Una decina le sezioni, dai titoli avvincenti, che la compongono, come:
Il grado zero dell’arte Dada;
Il Sogno;
Eros, amour fou, trasgressione erotica;
L’inconscio, il doppio, il perturbante;
Arte e natura, la reinvenzione dell’uomo;
Sade, Freud, Marx, muse inquietanti del vivere surreale;
Esiste un’architettura surrealista?
e così via… s’inseguono, in una sorta di corridoio-fantasma dell’immaginario fantastico
d’avanguardia, opere di grandissimo livello ed impatto.
L’intera mostra è un percorso storico e cronologico, ma anche dell’intelletto dello spettatore
che si addentra alla scoperta delle opere e alla ricerca di significati nascosti.
I lavori dialogano tra loro, in sintonia o contrappunto, e seguono una progressione
prevalentemente tematica con attenzione alla diacronia degli eventi.

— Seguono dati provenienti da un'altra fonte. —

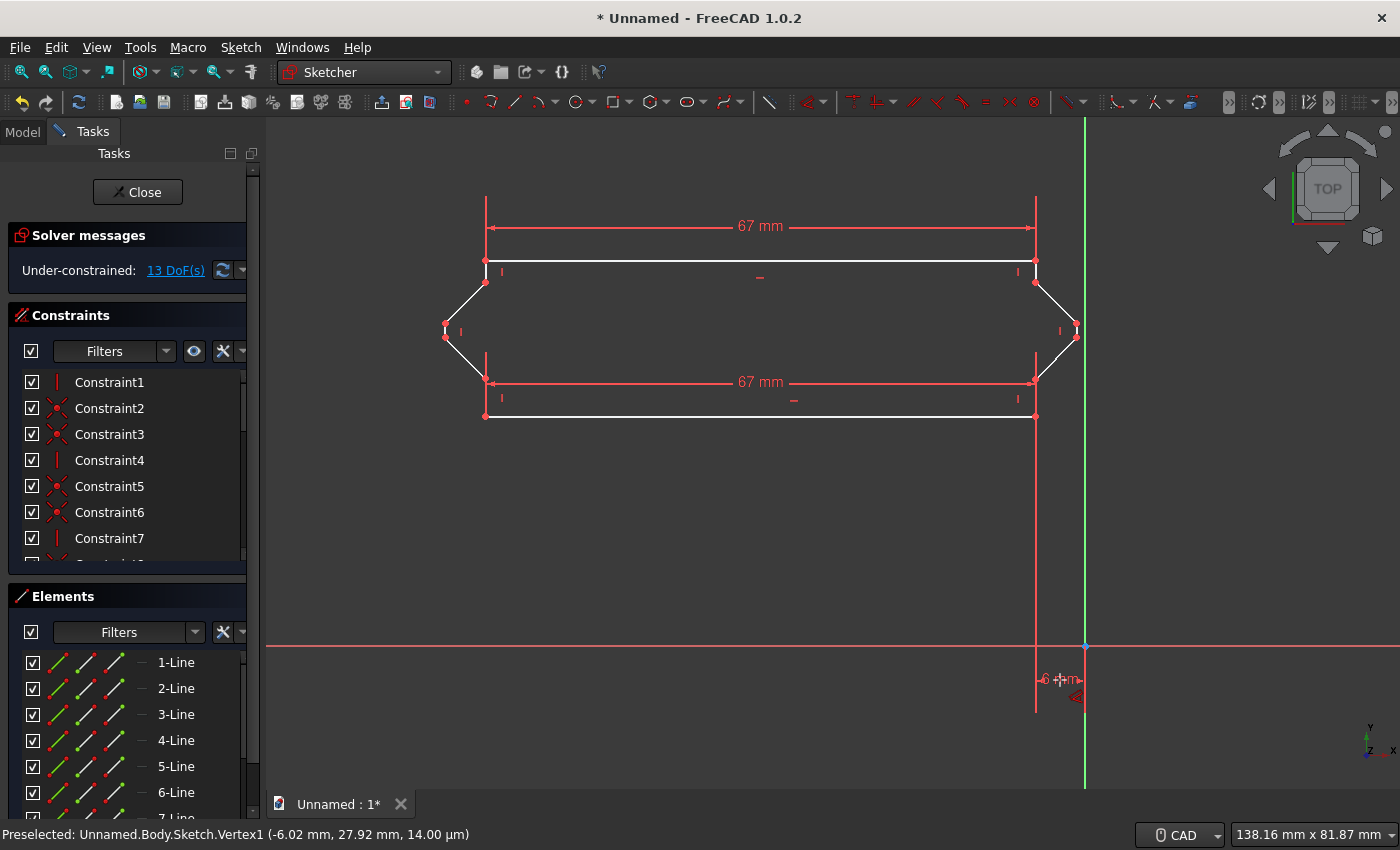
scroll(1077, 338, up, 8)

Rispecchiando alcune
problematiche e alcuni temi che concorrono a distinguere la poetica nichilista del Dadaismo
da quella più propositiva del Surrealismo: il caso, il brutto estetico, il sogno, l’inconscio, il
rapporto con l’antico, il legame tra arte e ideologia.
Per chi ama l’arte e predilige le sorprese raffinate, il museo Boijmans Van Beuningen di
Rotterdam è una perla di museo collezionistico che affianca disegni di Dürer, stampe di Goya, raccolte di vetri preziosi e oggetti di design a rare opere italiane, gotiche, rinascimentali, settecentesche: da Beato Angelico a Jacopo del Sellaio, da Butinone a Francia, da Veronese e Tiziano, a Guardi e Piranesi.
Ma anche maestri fiamminghi del valore di Van Eyck o Rembrandt, Bosch e Brueghel, Rubens e Van Dyck, la scuola dell’Aja, con Van Gogh e Toorop, e poi francesi, da Fragonard e Boucher a Monet, Degas, Cézanne, e ancora Picasso, Mondrian e Rothko, senza contare i contemporanei, da Nauman a Cattelan.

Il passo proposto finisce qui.